The political vision thus begins with education and opportunity, in particular with a serious investment in STEM subjects and the attendant educational infrastructure. It makes clear that the public investment we make now generates the innovation and expertise later to respond to an economy fewer and fewer of us can make sense of the more quickly technological advances facilitate or supplant the production of goods and services, even the nature of labour and work itself. The twenty first century will not be shaped by the routines and work/life patterns of a twentieth century economy, regardless of whether older generations can make sense of where we’re headed. We therefore need as large a pool of capable people as possible available to drive competitive excellence in our companies. Those companies could lead the world with better support through publicly owned investment banks that can afford to take a longer view than private banks and distribute the dividends directly back to the exchequer. Strong public sector involvement (‘stakeholding’) in key industries is well understood in Germany and Japan. If that support can generate the IP, patents and solutions that will help us maintain an edge in the global economy to come, we will all have much to be proud of.
The vision is of us finding and training our most capable engineers, scientists, thinkers and innovators who might come from any community, not just those that can afford the education. It would naturally follow that we’d need to invest accordingly to give them a far better chance to contribute, and in so doing create wealth that pays back that public investment many times over. I’ve worked for many corporations, from BP to Disney, and all of them value investment in people, spending small fortunes on equipping their employees to be able to thrive and contribute more value to their business. Why on earth don’t countries behave the same way with and for their citizens? Why are so many of our fellows languishing in poverty, using food banks, living day to day under constant anxiety and stress? What could they or their children begin to offer both in the short term if they actually had any spending money to support their local economy and in the long term if they could utilise the sovereignty that better pay, conditions and a more supportive community would allow them and their kids. A simple example; student debt is putting off working class kids from going to university or polytechnic. A whole swathe of our youth are disempowered from fulfilling their potential, generation after generation, that might otherwise create significant wealth with the quality of their labour or entrepreneurship emboldened by the provision of the guidance and funding to bring their dreams to fruition. How is it right that the poorest and most deprived, much of the working class, succeed despite their circumstances and not because of them?

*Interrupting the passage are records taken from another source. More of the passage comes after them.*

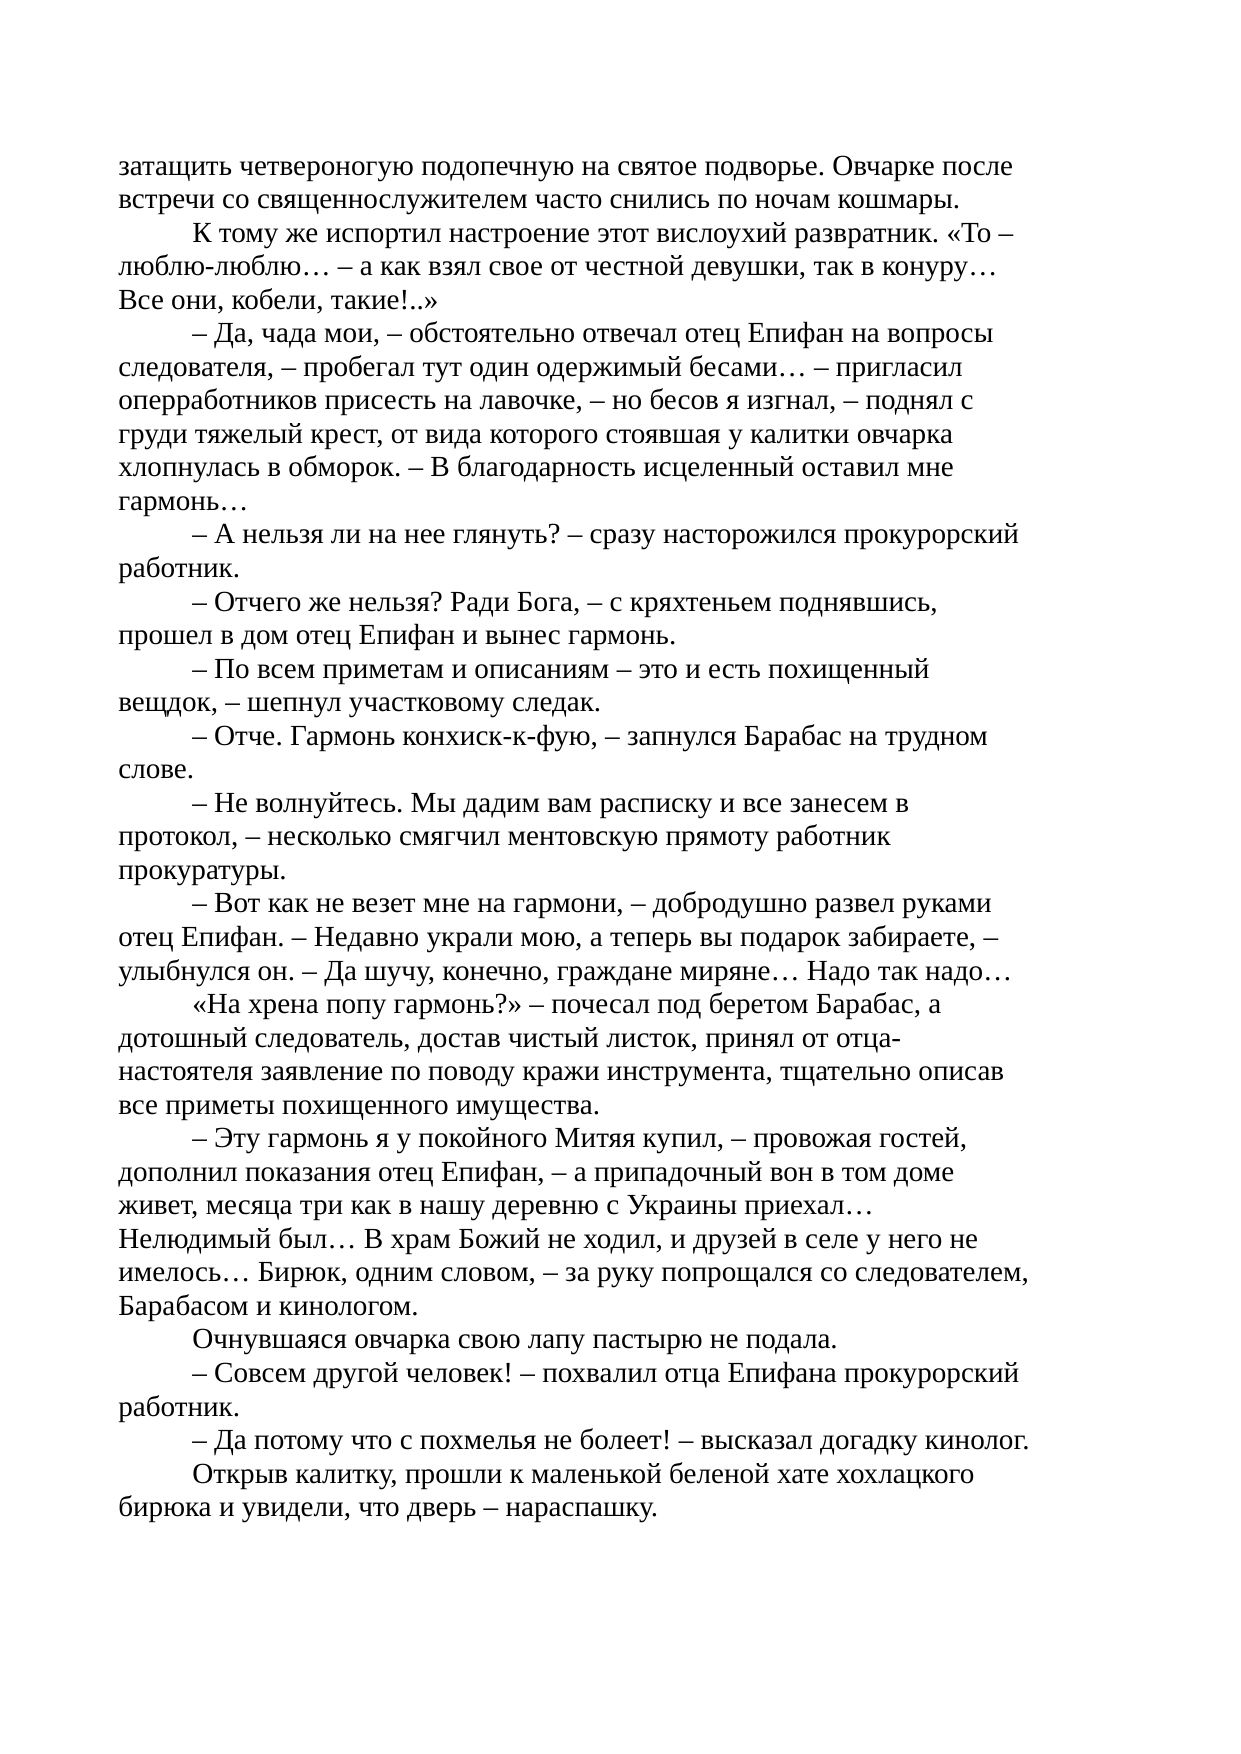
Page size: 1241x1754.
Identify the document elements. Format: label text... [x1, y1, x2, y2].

text – Эту гармонь я у покойного Митяя купил, – провожая гостей, дополнил показания отец Епифан, – а припадочный вон в том доме живет, месяца три как в нашу деревню с Украины приехал… Нелюдимый был… В храм Божий не ходил, и друзей в селе у него не имелось… Бирюк, одним словом, – за руку попрощался со следователем, Барабасом и кинологом. [118, 1120, 1033, 1322]
text – Да потому что с похмелья не болеет! – высказал догадку кинолог. [118, 1422, 1033, 1456]
text – Совсем другой человек! – похвалил отца Епифана прокурорский работник. [118, 1355, 1033, 1422]
text затащить четвероногую подопечную на святое подворье. Овчарке после встречи со священнослужителем часто снились по ночам кошмары. [118, 148, 1033, 215]
text – Отче. Гармонь конхиск-к-фую, – запнулся Барабас на трудном слове. [118, 718, 1033, 785]
text – По всем приметам и описаниям – это и есть похищенный вещдок, – шепнул участковому следак. [118, 651, 1033, 718]
text – Да, чада мои, – обстоятельно отвечал отец Епифан на вопросы следователя, – пробегал тут один одержимый бесами… – пригласил оперработников присесть на лавочке, – но бесов я изгнал, – поднял с груди тяжелый крест, от вида которого стоявшая у калитки овчарка хлопнулась в обморок. – В благодарность исцеленный оставил мне гармонь… [118, 315, 1033, 517]
text Очнувшаяся овчарка свою лапу пастырю не подала. [118, 1322, 1033, 1355]
text – Вот как не везет мне на гармони, – добродушно развел руками отец Епифан. – Недавно украли мою, а теперь вы подарок забираете, – улыбнулся он. – Да шучу, конечно, граждане миряне… Надо так надо… [118, 886, 1033, 986]
text – А нельзя ли на нее глянуть? – сразу насторожился прокурорский работник. [118, 517, 1033, 584]
text – Не волнуйтесь. Мы дадим вам расписку и все занесем в протокол, – несколько смягчил ментовскую прямоту работник прокуратуры. [118, 785, 1033, 886]
text Открыв калитку, прошли к маленькой беленой хате хохлацкого бирюка и увидели, что дверь – нараспашку. [118, 1456, 1033, 1523]
text «На хрена попу гармонь?» – почесал под беретом Барабас, а дотошный следователь, достав чистый листок, принял от отца-настоятеля заявление по поводу кражи инструмента, тщательно описав все приметы похищенного имущества. [118, 986, 1033, 1120]
text К тому же испортил настроение этот вислоухий развратник. «То – люблю-люблю… – а как взял свое от честной девушки, так в конуру… Все они, кобели, такие!..» [118, 215, 1033, 315]
text – Отчего же нельзя? Ради Бога, – с кряхтеньем поднявшись, прошел в дом отец Епифан и вынес гармонь. [118, 584, 1033, 651]
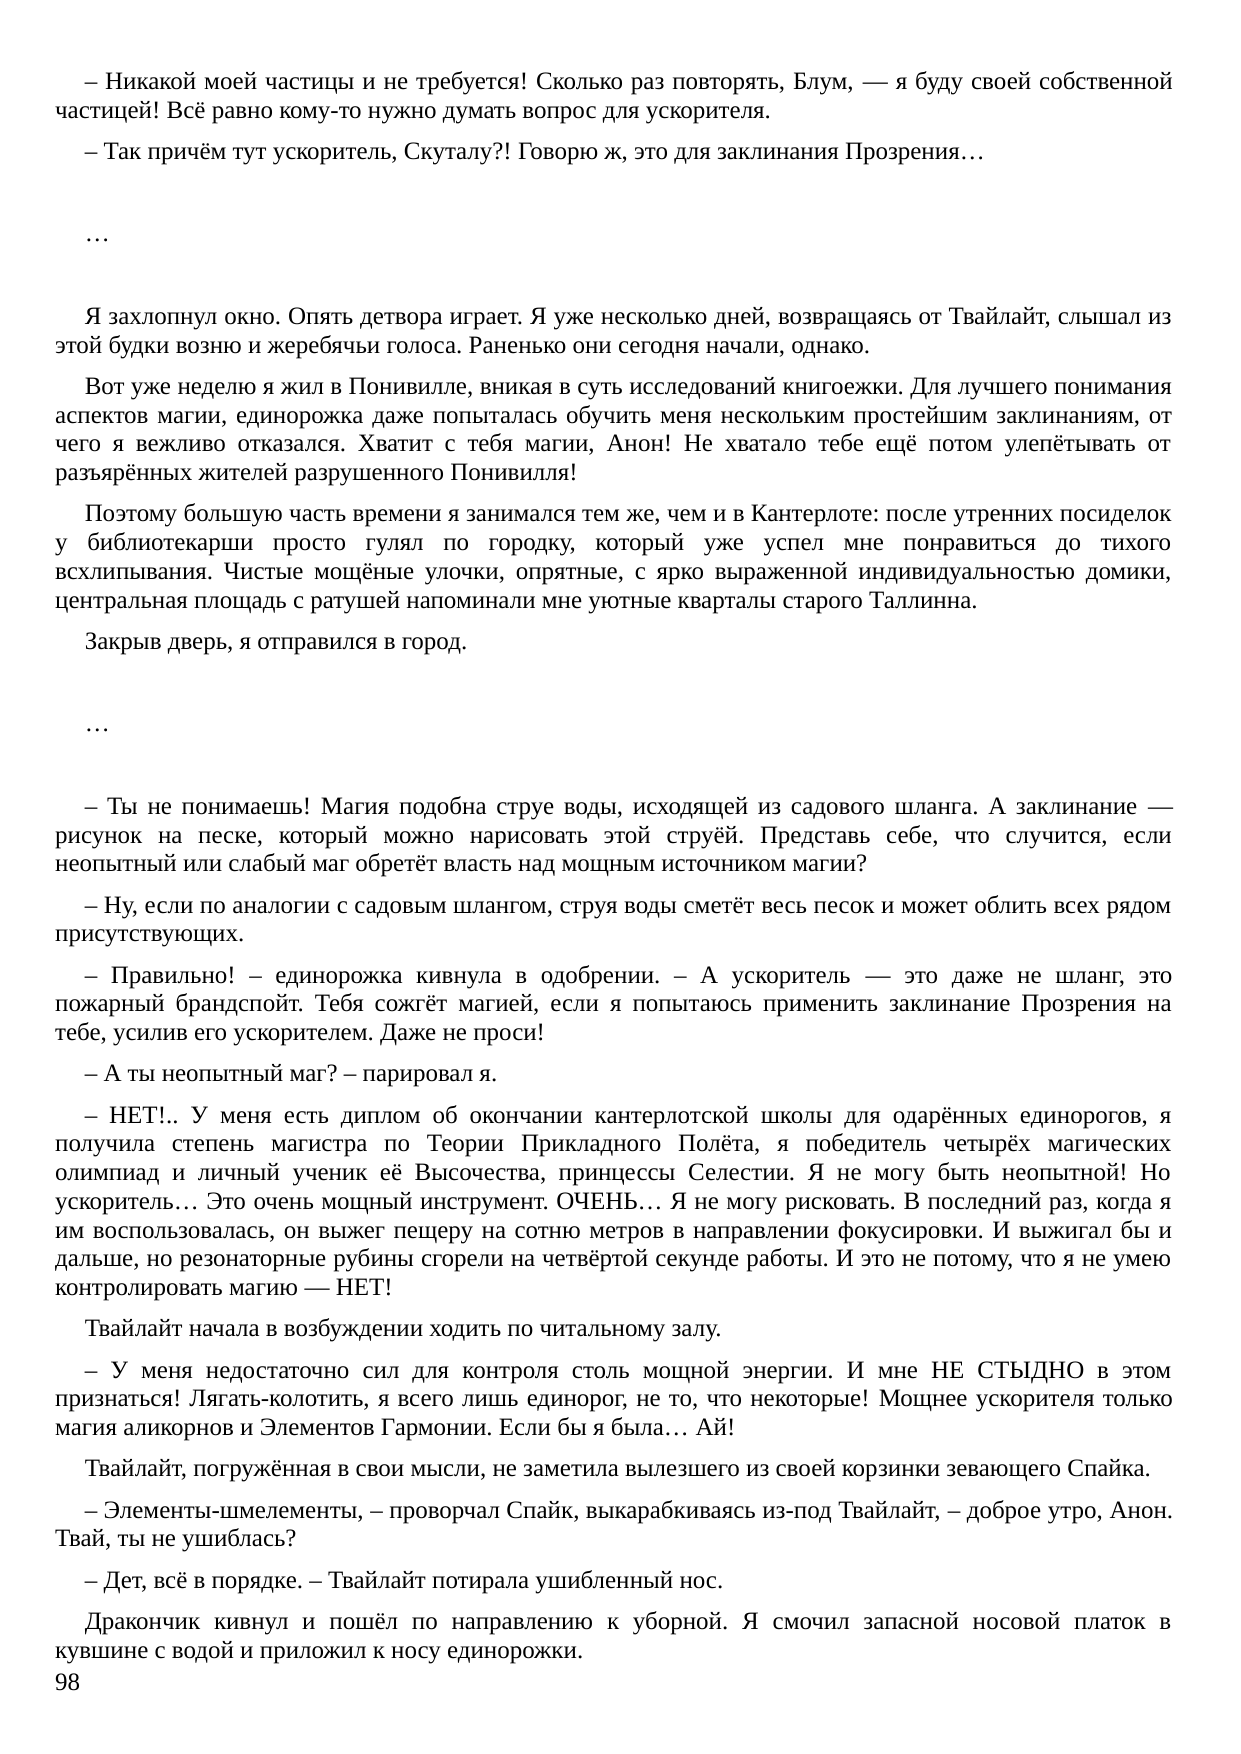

The vision for what it means to be a citizen, how we promote unity beyond just improving opportunity for all needs to describe how we connect directly with our communities via a citizens assembly framework that would exist in all our regions. Software already exists to facilitate this and this process was used to effectively and peacefully negotiate a path to abortion legislation in Ireland, a highly divisive issue there. This assembly and others like it created an environment that in their structure promoted consensus and informed decision making, and in particular did such with people talking directly with each other. How utterly opposed this model of communication is to the anonymity that fuels the cruelty and misunderstanding underlying so much engagement in mass social media generally (and by design).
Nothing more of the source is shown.